How to Remove Ransomware
There’s a lot of money in ransomware and the market expanded rapidly from the beginning of the decade. In 2017, ransomware resulted in $5 billion in losses, both in terms of ransoms paid and spending and lost time in recovering from attacks. If your computer has been infected with ransomware, you’ll need to regain control of your machine.
Always keep in mind: while walking through these steps can remove the malware from your computer and restore it to your control, it WILL NOT decrypt your files. Their transformation into un-readability has already happened and if the malware is at all sophisticated, it will be mathematically impossible for anyone to decrypt them without access to the key that the attacker holds. In fact, by removing the malware, you’ve precluded the possibility of restoring your files by paying the attackers the ransom they’ve asked for.
Should You Pay the Ransom?
If your system has been infected with malware and you’ve lost vital data that you can’t restore from backup, an important question remains: should you pay the ransom?
When speaking theoretically, most law enforcement agencies urge you not to pay ransomware attackers, on the logic that doing so only encourages hackers to create more ransomware. That said, many organizations that find themselves afflicted by malware quickly stop thinking in terms of the “greater good” and start doing a cost-benefit analysis, weighing the price of the ransom against the value of the encrypted data. While 66 % of companies say they would never pay a ransom as a point of principle, in practice 65% actually do pay the ransom when they get hit.
Ransomware attackers keep prices relatively low — usually between $700 and $1,300, an amount companies can usually afford to pay on short notice. Some particularly sophisticated malware will detect the country where the infected computer is running and adjust the ransom to match that nation’s economy, demanding more from companies in rich countries and less from those in poor regions.
There are often discounts offered for acting fast, so as to encourage victims to pay quickly before thinking too much about it.

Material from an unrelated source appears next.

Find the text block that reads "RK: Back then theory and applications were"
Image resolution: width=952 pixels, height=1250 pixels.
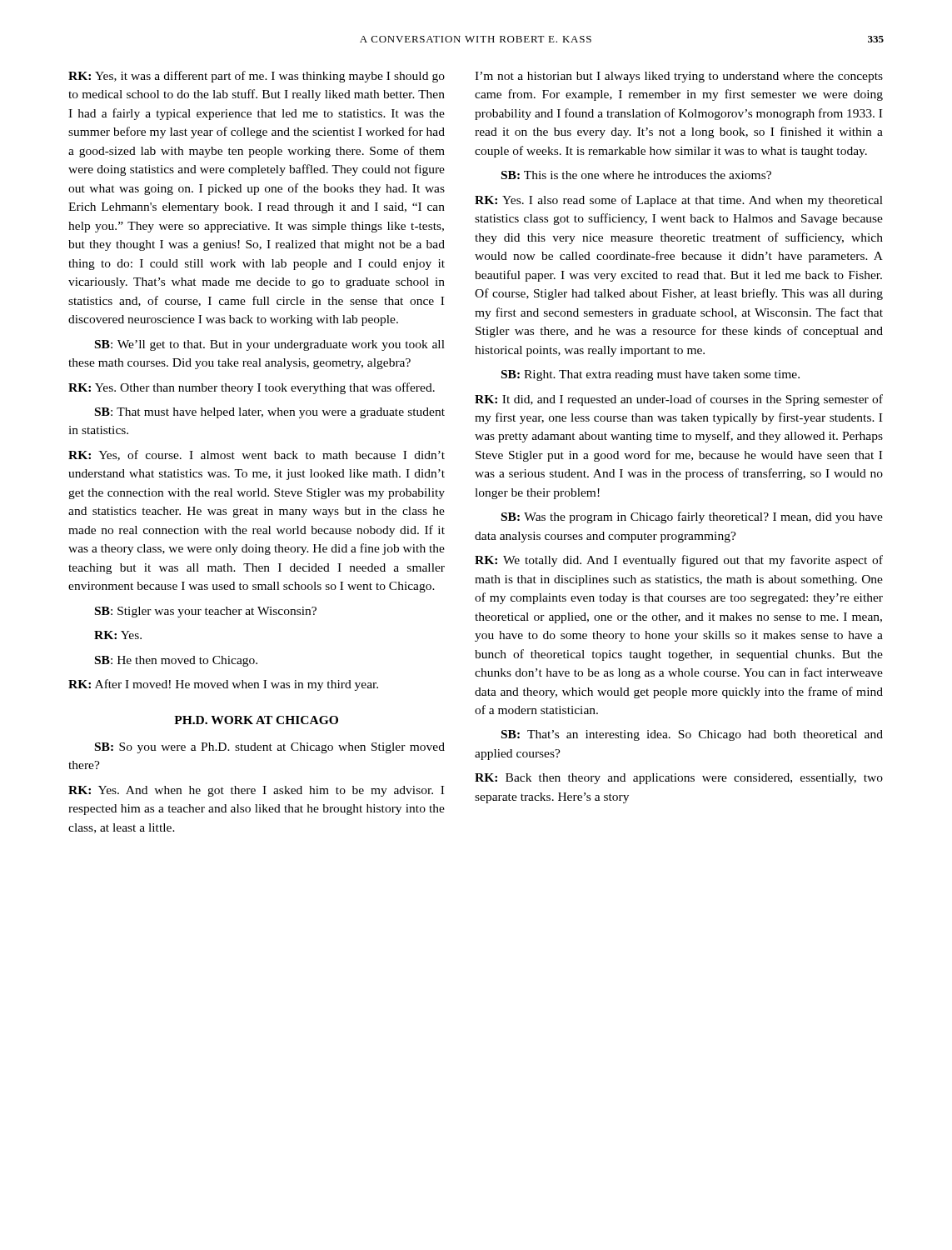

In general, the price point is set so that it’s high enough to be worth the criminal’s while but low enough that it’s often cheaper than what the victim would have to pay to restore their computer or reconstruct the lost data. With that in mind, some companies are beginning to build the potential need to pay ransom into their security plans.
There are a couple of tricky things to remember here, keeping in mind that the people you’re dealing with are, of course, criminals.
First, what looks like ransomware may not have actually encrypted your data at all; make sure you aren’t dealing with so-called “scareware” before you send any money to anybody.
Second, paying the attackers doesn’t guarantee that you’ll get your files back. Sometimes the criminals just take the money and run, and may not have even built decryption functionality into the malware. But any such malware will quickly get a reputation and won’t generate revenue, so in most cases it’s estimated that around 65 – 70% of the time — the crooks come through and your data is restored.